Cézanne supo explotar como nadie el desafío artístico encerrado en repetir de un modo incansable el mismo bodegón, las mismas manzanas, el mismo jarrón, la misma botella y el mismo mantel enredado en interminables pliegues. La perspectiva se distorsiona, los colores juegan con su gradación para dar vida a una fruta que está delante y está detrás, que está de frente y está de lado, que aparece plana o con volumen, y que siempre, siempre, lleva al espectador a pensar que permanecen en un equilibrio imposible, a punto de caerse hacia adelante. “Las manzanas de Cézanne dejan de ser una fruta. Ni siquiera son una fruta convertida en pintura. En vez de eso, toda la vida imaginable está contenida en ellas, y si llegaran a caerse, se produciría de inmediato una conflagración universal”, escribió el filósofo marxista Ernst Bloch en El espíritu de la utopía.
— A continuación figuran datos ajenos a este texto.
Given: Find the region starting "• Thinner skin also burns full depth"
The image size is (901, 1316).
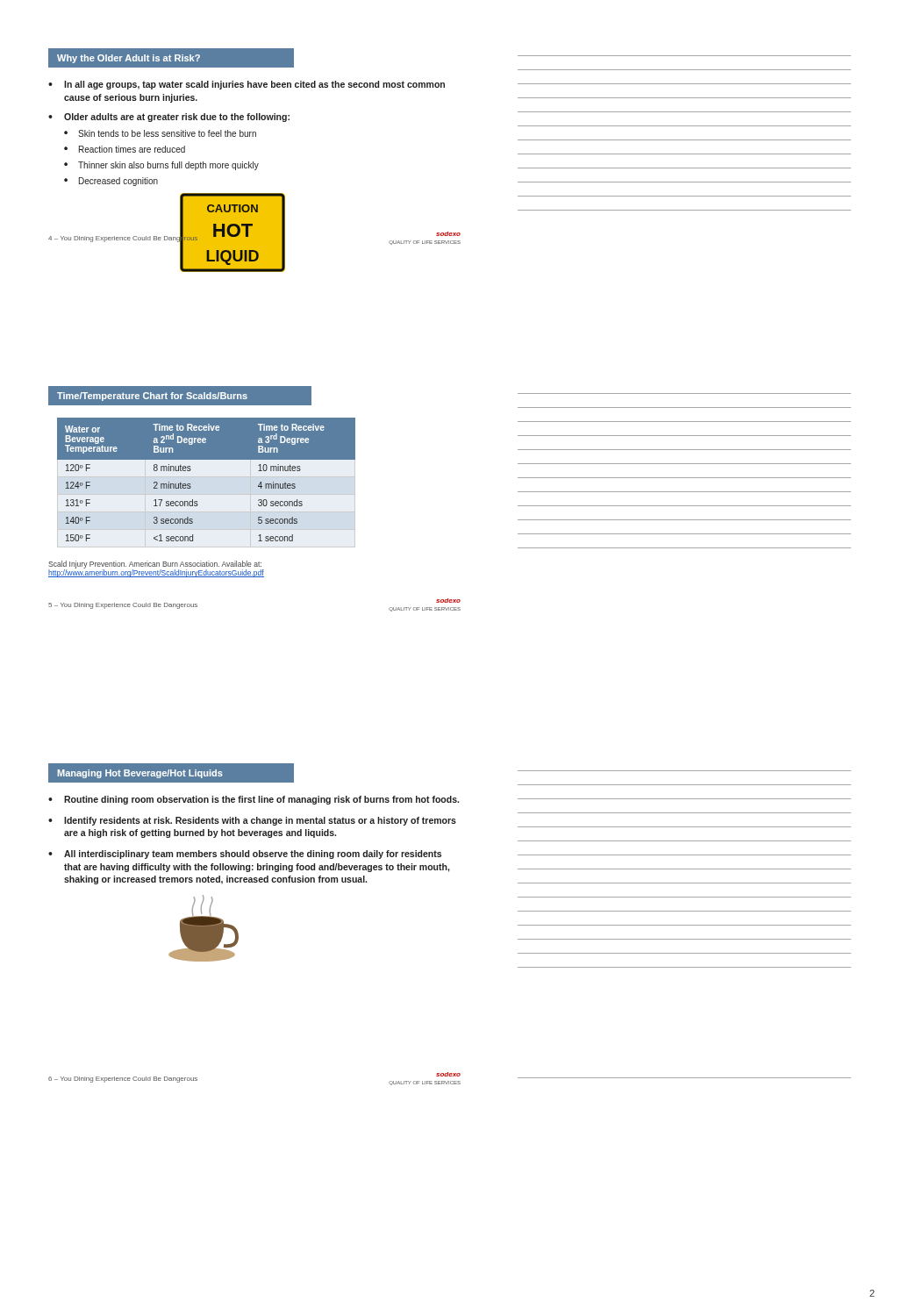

Si las manzanas de Cézanne fueron la avanzadilla hacia una nueva forma de contemplar y representar el mundo, su obsesión con el monte Santa Victoria y el paisaje que lo rodea abre las puertas al cubismo que llegaría poco después. Cuatro de sus representaciones, entre acuarelas y óleos, forman parte de la exposición de la Tate. El monte de Santa Victoria visto desde Bibémus, la culminación de todos los esfuerzos del pintor, no tiene nada que ver con un paisaje convencional. Sus trazos combinan en un todo las diferentes perspectivas, todas las propuestas posibles de composición, y todas las sombras y colores que desplegaba hacia sus pies el macizo calcáreo. Como en otras obras de los impresionistas ―quizá en esta en la que más― hay que acercarse mucho, casi pegar la nariz al lienzo, para captar la verdadera revolución que supusieron unas obras que hoy forman parte aceptada de la pintura clásica. Esa locura de brochazos diagonales, con múltiples tonos de ocre, de verde o de azul, es inmediatamente reconocible al dar dos pasos hacia atrás. Es Cézanne. Es el eterno monte Santa Victoria.